_Required work_
Find every line of the listing below where "each" appears, and copy it.

_Excerpted records_
-- Opening Marker --

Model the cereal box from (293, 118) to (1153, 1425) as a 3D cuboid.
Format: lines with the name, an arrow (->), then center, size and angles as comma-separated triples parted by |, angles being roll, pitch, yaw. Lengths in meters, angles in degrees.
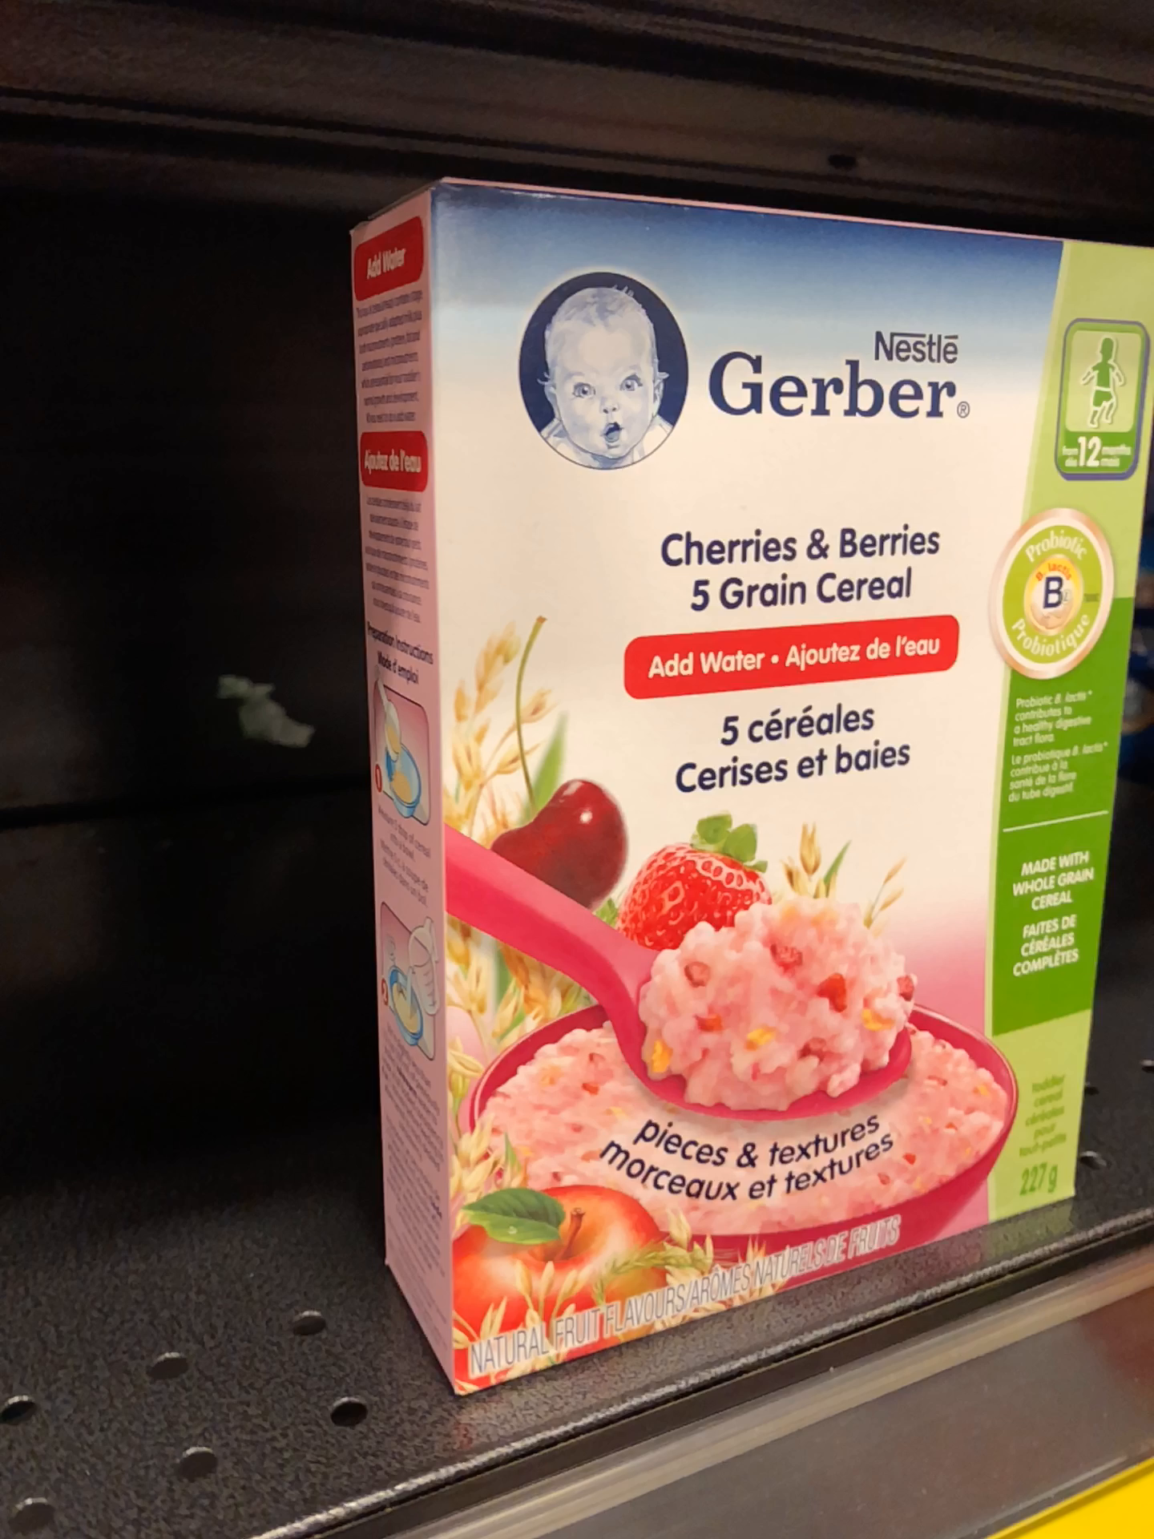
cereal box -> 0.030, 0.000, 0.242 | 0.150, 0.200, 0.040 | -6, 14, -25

-- Closing Marker --
-- Opening Marker --

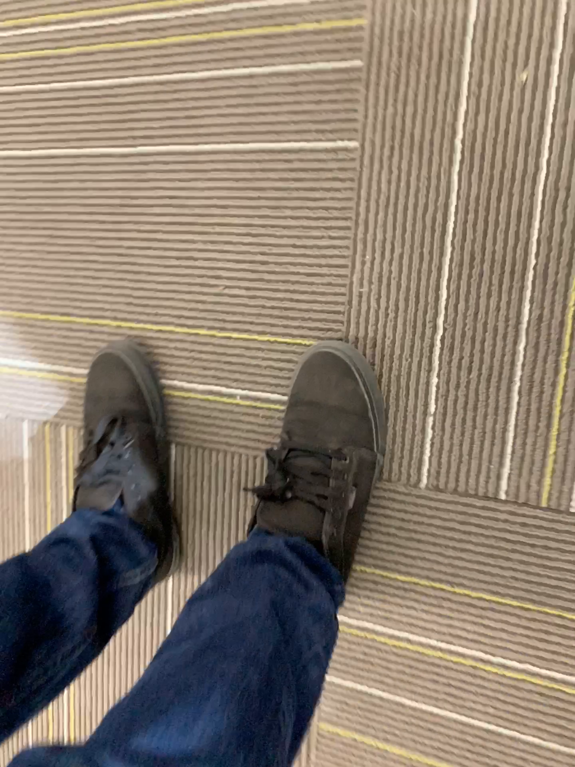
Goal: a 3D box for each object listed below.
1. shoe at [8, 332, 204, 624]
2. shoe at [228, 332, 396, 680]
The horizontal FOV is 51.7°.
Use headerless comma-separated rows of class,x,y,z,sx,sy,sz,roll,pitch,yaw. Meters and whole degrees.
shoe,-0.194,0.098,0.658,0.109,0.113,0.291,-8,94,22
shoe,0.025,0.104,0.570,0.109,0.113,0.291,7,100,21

-- Closing Marker --
-- Opening Marker --

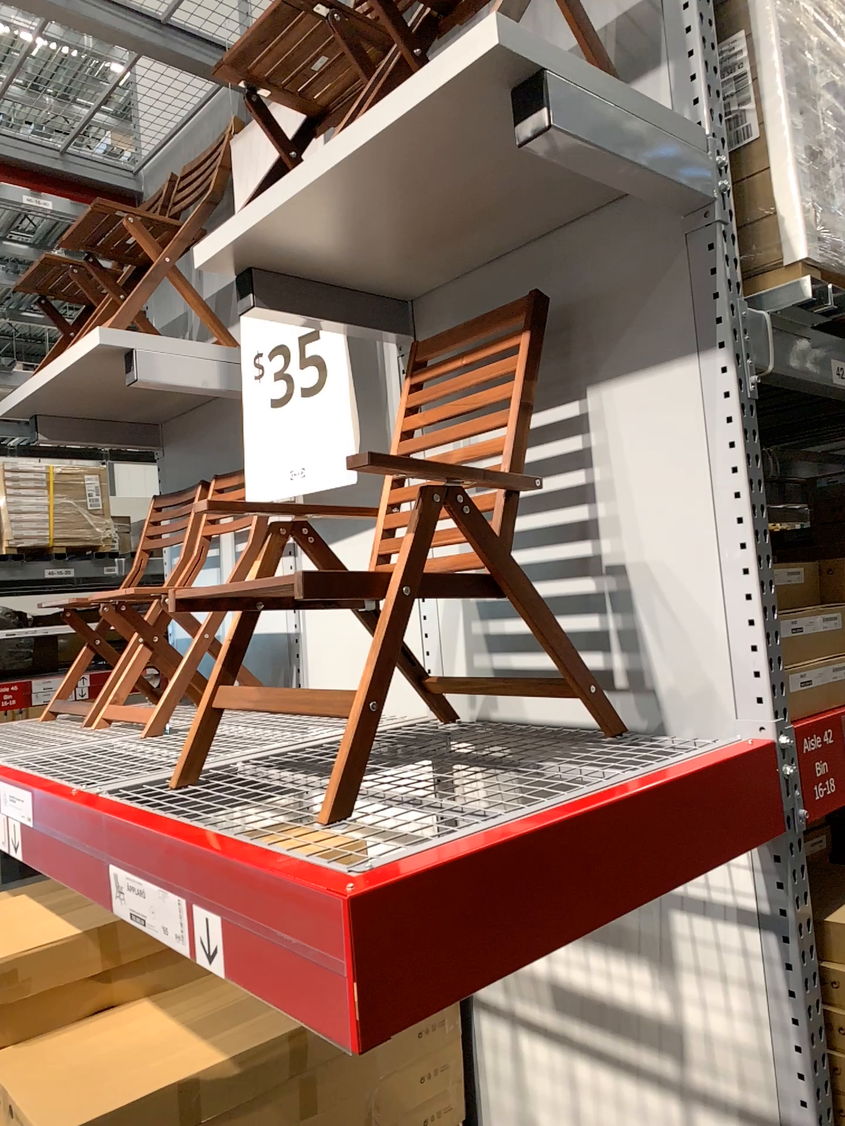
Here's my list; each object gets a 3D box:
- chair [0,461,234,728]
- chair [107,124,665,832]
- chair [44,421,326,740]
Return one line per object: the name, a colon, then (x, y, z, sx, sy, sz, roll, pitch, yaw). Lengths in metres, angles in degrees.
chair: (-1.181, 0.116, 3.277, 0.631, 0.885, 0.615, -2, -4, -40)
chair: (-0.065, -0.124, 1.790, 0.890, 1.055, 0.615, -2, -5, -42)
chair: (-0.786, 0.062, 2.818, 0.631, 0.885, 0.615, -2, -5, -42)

-- Closing Marker --

_Exercise output_
Goal: a 3D box for each object listed below.
Here's my list; each object gets a 3D box:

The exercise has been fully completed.